Gene-Trap Cassette Construction for Lineage Tracing

A gene-trap cassette incorporating the Mhc intron 18 SA site^{51 (link)} was PCR amplified from pP-GC (gift of Xavier Morin and William Chia)^{15 (link)} with primers SA-XbaI-F and SA-PstI-R. The resulting PCR fragment was cut with XbaI and PstI and subcloned into pBS-KS-attB1-2, cut with XbaI and PstI, resulting in the mini gene-trap plasmid, pBS-KS-attB1-2-GT-SA. The SA is followed by a multiple cloning site (PstI, EcoRI, XhoI, BamHI and HindIII).

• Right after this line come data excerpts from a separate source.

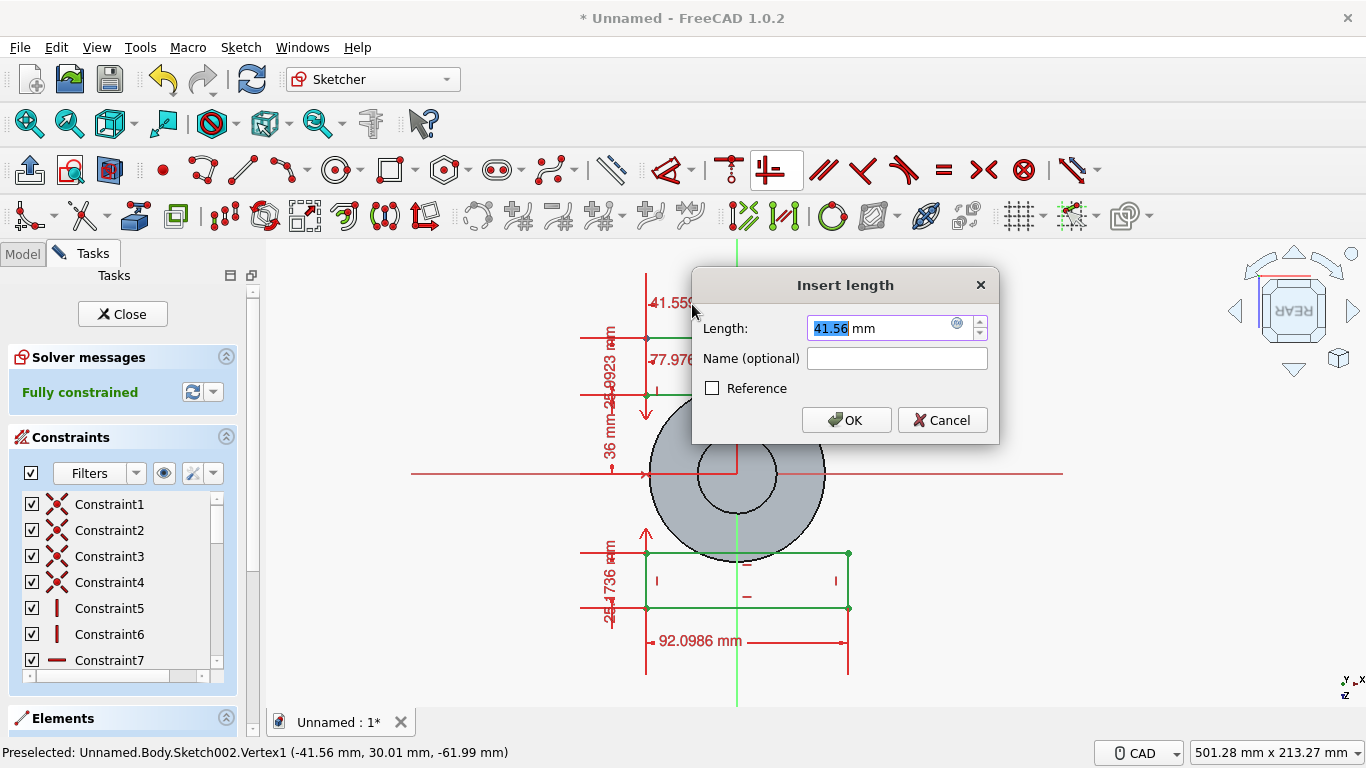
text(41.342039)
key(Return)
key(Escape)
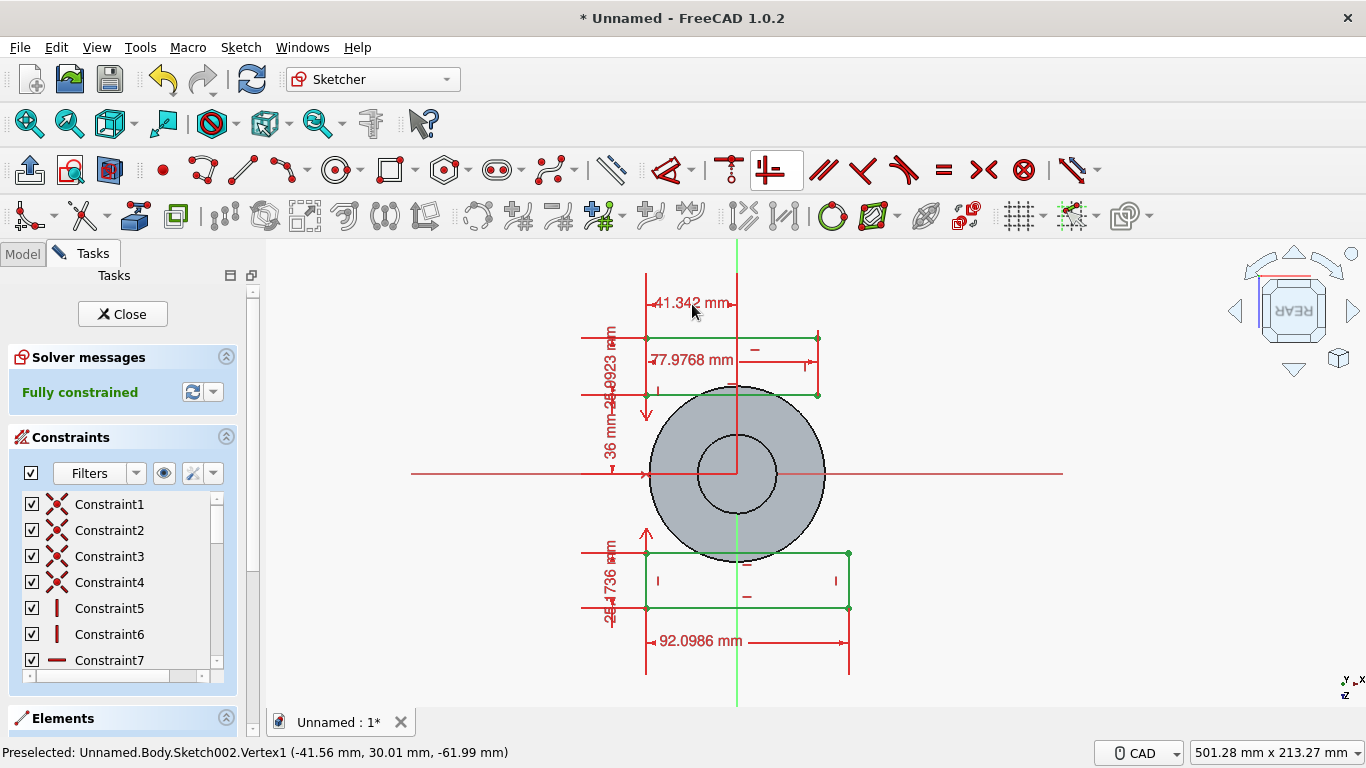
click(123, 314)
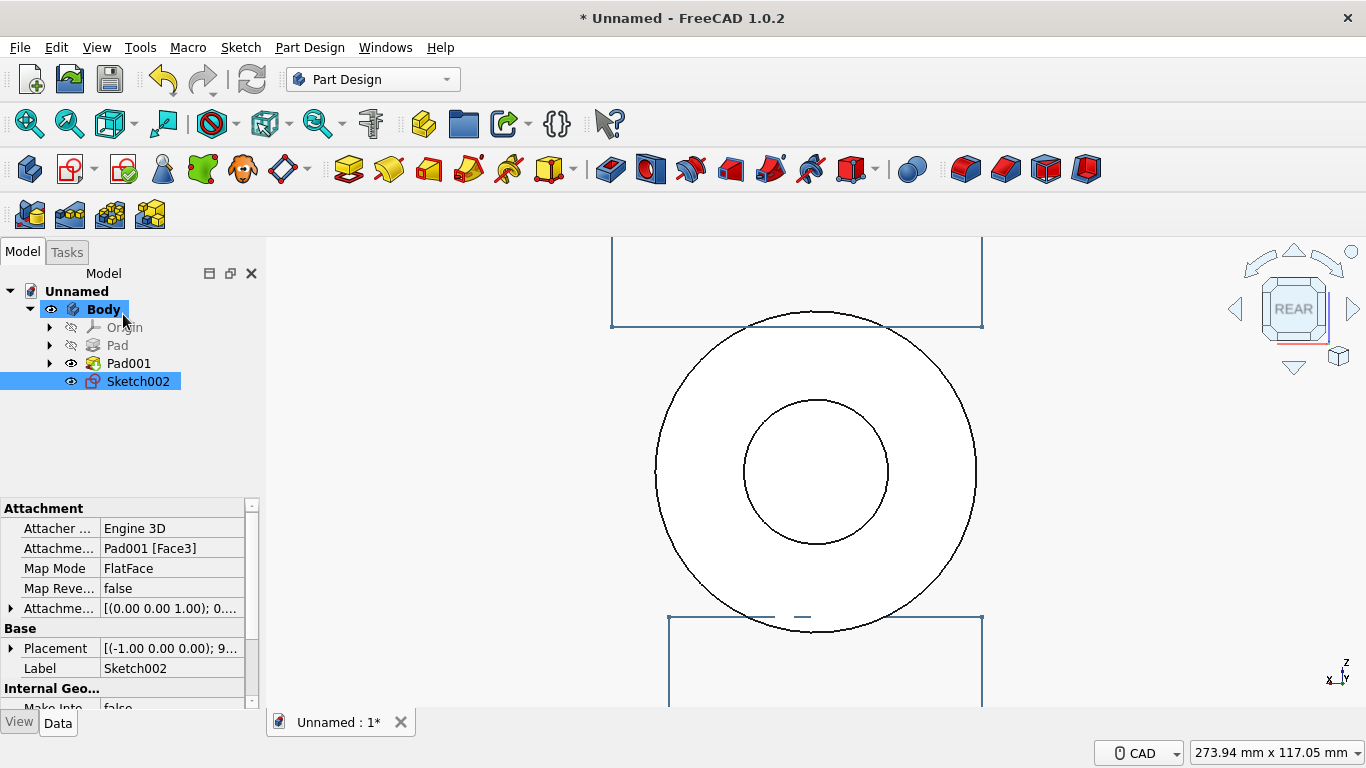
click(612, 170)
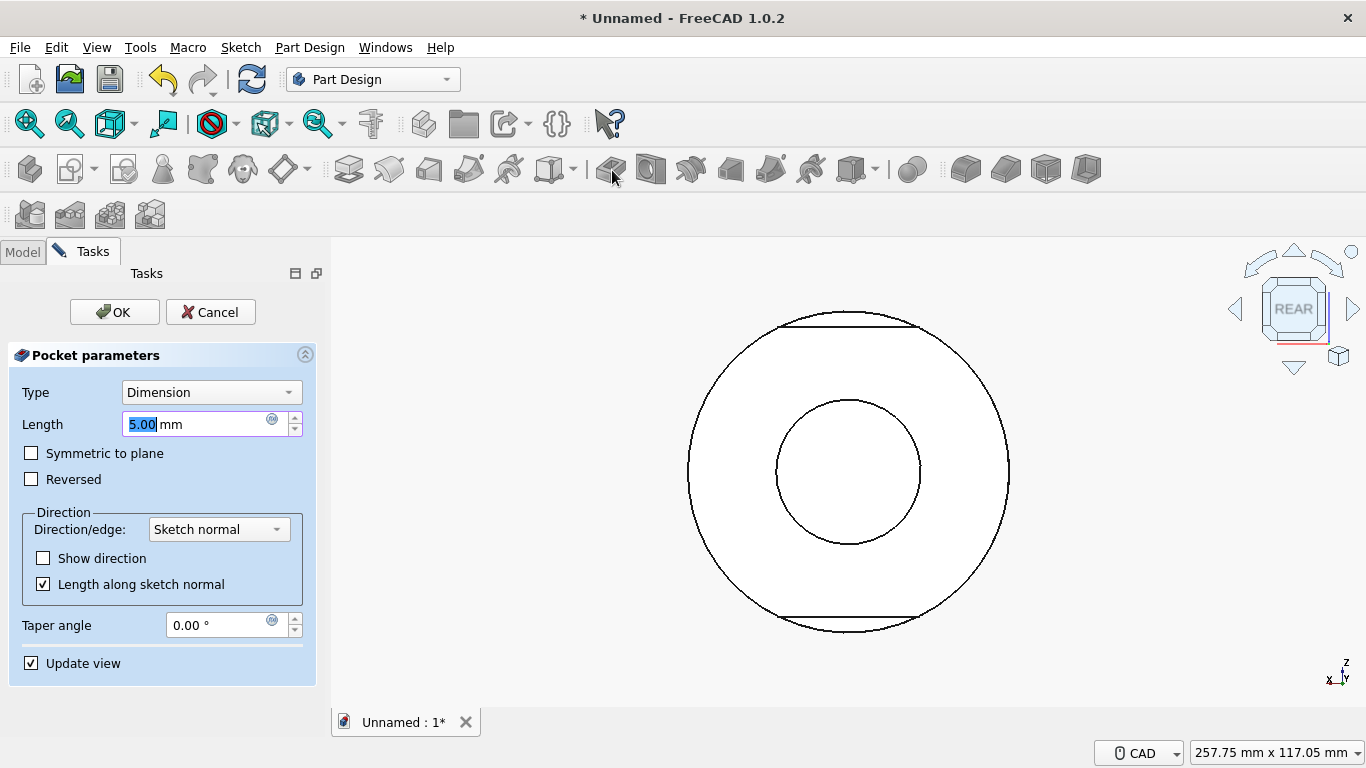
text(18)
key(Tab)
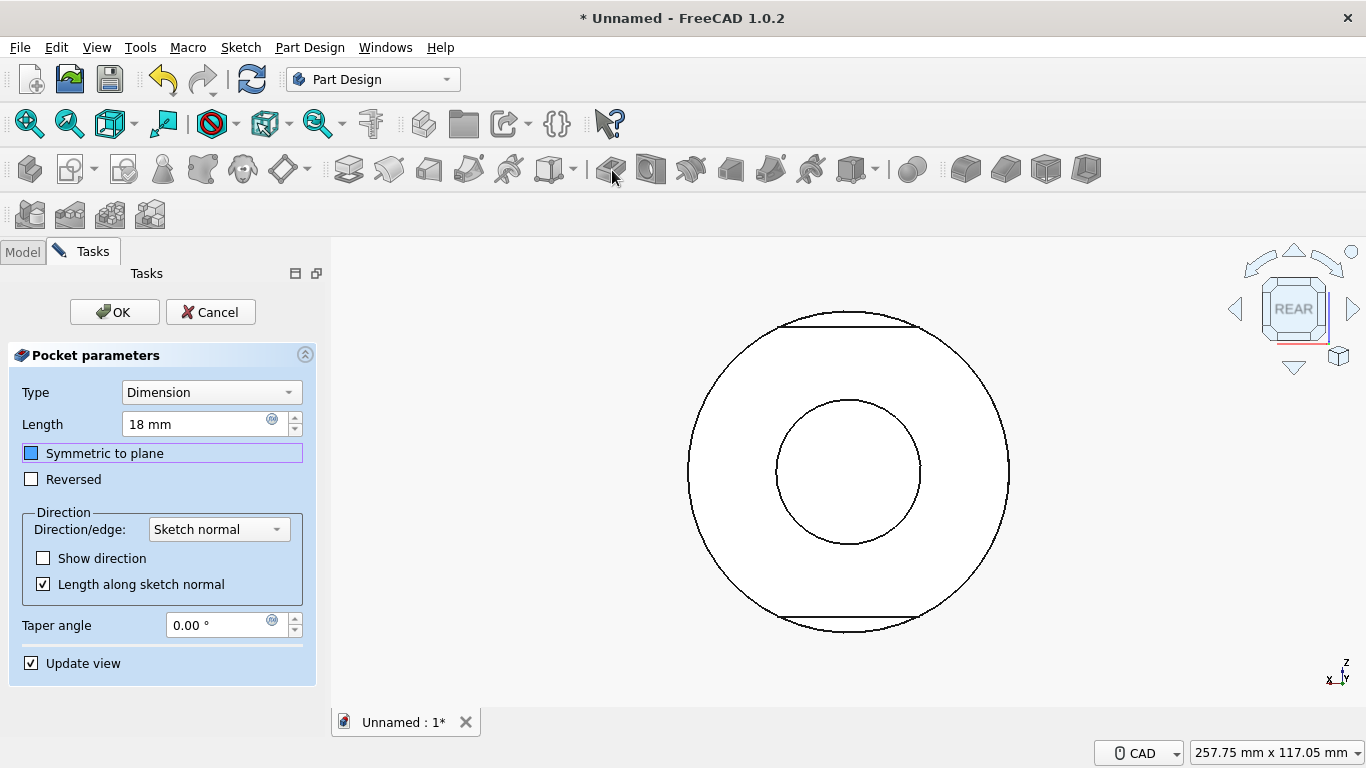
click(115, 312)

A mutagenic GAL4 gene-trap cassette, encompassing the GAL4 coding sequence and Hsp70 polyadenylation signal, was obtained from plasmid pChs-GAL4 (Drosophila Genomics Resource Center)^{55 (link)}, and PCR amplified with primers GAL4-Hsp70-EcoRI-F and GAL4-Hsp70-BamHI-R. A mutagenic QF gene-trap cassette, encompassing the QF coding sequence and Hsp70 polyadenylation signal, was obtained from plasmid pattB-QF-Hsp70 (Addgene)^{30 (link)}, and PCR amplified with primers QF-SV40-EcoRI-F and QF-SV40-BamHI-R. A mutagenic Flp fate mapping gene-trap cassette, encompassing the FLPo^{56 (link)} coding sequence and SV40 polyadenylation signal, was obtained from plasmid pQUAS-DSCP-Flpo (Addgene)^{30 (link)}, and PCR amplified with primers Flpo-SV40-EcoRI-F and Flpo-SV40-BamHI-R. The resulting PCR fragments were cut with EcoRI and BamHI and subcloned into pBS-KS-attB1-2-GT-SA, cut with EcoRI and BamHI, resulting in the plasmids pBS-KS-attB1-2-GT-SA-GAL4-Hsp70, pBS-KS-attB1-2-GT-SA-Flp-SV40, and pBS-KS-attB1-2-GT-SA-QF-Hsp70 respectively.